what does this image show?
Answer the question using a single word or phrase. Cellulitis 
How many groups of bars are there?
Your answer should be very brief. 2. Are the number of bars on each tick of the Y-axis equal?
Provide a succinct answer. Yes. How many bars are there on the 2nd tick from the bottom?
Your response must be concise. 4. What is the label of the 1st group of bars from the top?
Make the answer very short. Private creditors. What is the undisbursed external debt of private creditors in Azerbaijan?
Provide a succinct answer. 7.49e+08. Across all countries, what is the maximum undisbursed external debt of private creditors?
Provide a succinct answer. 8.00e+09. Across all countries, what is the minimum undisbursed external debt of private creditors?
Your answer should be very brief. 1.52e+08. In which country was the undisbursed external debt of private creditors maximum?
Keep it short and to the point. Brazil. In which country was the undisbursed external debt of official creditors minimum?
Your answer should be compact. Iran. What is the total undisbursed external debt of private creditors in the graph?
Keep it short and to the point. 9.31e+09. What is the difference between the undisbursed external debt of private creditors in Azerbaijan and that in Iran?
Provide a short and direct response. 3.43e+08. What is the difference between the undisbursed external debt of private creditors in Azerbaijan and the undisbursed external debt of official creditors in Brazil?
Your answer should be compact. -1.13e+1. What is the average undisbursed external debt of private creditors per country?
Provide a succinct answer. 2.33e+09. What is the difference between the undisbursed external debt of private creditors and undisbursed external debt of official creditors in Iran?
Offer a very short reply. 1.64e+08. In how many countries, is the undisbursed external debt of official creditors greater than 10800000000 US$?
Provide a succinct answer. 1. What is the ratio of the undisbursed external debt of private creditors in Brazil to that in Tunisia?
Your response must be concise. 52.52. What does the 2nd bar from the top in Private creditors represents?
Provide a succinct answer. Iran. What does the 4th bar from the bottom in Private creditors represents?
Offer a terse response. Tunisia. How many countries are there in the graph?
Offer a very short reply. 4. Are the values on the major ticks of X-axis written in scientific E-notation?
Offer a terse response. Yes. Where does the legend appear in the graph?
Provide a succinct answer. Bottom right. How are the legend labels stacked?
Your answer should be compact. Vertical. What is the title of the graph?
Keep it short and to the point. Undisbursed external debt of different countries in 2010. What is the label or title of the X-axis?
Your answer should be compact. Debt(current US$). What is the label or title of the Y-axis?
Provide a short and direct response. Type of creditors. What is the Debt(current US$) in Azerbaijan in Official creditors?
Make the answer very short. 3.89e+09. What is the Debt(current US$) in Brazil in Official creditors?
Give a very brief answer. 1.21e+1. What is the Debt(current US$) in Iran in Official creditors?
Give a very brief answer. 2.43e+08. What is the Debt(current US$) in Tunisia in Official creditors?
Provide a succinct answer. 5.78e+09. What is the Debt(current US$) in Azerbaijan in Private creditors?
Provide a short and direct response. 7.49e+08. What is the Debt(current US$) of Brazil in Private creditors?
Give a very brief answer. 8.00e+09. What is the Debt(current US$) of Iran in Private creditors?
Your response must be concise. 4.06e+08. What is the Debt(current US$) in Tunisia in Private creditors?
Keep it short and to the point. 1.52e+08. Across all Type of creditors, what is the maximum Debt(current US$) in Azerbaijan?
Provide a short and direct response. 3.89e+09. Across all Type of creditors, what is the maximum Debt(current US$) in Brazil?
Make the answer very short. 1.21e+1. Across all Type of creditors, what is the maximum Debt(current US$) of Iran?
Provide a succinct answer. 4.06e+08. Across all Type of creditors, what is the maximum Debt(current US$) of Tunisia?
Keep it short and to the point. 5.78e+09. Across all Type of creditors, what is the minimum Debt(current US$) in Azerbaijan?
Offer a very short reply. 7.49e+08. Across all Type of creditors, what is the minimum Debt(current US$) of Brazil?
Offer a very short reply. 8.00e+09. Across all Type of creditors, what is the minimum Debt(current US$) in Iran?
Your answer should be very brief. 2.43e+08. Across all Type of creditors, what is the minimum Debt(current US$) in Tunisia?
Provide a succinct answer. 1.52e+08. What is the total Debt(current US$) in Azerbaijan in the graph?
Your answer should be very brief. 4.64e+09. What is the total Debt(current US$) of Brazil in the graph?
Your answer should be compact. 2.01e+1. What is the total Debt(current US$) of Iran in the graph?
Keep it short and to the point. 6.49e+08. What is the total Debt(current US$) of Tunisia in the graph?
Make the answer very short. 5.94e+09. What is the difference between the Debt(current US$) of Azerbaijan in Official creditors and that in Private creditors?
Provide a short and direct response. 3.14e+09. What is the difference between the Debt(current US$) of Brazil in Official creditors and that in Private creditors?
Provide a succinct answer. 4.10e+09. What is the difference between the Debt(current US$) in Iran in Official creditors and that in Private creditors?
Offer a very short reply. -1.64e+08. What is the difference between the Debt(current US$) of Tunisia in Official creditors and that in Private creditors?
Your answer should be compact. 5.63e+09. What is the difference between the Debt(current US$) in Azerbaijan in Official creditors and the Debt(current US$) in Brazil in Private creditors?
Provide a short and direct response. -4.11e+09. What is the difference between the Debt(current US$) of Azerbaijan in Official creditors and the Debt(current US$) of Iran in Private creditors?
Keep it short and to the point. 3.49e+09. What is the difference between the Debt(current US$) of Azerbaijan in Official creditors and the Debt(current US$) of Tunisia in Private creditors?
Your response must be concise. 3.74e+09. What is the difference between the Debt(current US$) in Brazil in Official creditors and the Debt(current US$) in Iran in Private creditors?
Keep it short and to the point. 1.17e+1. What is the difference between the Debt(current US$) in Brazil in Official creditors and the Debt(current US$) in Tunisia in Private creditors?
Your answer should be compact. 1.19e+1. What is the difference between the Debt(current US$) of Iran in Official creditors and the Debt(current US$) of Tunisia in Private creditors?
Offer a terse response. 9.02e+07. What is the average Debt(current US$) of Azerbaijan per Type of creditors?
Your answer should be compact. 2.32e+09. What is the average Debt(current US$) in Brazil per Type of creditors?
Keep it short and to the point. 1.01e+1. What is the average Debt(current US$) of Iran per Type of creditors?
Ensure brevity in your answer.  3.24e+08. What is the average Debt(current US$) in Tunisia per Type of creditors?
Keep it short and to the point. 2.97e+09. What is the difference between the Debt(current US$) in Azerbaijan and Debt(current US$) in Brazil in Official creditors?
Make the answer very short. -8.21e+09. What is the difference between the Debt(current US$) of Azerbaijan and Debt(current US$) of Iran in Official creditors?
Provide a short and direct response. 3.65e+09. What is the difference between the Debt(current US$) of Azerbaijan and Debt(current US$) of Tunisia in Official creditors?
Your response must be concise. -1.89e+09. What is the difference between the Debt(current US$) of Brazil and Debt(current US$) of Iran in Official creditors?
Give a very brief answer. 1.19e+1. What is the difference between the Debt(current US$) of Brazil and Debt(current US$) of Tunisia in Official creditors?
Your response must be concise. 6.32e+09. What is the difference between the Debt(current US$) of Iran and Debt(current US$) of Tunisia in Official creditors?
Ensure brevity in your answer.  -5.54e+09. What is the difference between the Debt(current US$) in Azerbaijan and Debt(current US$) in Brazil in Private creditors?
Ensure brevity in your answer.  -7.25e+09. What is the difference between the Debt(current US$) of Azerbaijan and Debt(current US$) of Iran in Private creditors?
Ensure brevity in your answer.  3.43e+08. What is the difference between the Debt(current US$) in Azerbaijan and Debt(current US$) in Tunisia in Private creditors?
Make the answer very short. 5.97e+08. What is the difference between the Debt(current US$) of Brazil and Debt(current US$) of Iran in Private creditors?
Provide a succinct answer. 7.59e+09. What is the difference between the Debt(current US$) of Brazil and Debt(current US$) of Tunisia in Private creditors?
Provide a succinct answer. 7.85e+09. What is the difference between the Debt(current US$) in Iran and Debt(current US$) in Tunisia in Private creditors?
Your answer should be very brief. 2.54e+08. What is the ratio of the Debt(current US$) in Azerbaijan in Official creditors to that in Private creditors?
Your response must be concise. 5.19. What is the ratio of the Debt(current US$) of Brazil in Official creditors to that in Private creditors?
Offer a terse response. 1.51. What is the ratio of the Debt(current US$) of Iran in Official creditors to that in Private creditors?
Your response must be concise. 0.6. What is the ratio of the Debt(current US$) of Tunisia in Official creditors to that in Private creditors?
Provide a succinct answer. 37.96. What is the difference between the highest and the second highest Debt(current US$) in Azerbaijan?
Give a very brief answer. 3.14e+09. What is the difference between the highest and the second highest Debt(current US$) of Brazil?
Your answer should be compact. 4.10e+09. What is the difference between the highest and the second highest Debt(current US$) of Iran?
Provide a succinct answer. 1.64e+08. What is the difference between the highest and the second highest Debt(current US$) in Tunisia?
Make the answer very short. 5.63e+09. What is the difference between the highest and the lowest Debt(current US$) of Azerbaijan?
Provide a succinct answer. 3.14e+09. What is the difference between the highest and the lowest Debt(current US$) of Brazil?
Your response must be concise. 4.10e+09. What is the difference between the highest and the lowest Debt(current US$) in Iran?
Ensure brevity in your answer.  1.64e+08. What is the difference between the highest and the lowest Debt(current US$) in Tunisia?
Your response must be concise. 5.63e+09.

> Exercise instructions
Provide only the number of lines within the material that contain the string "from".

> Expected output
4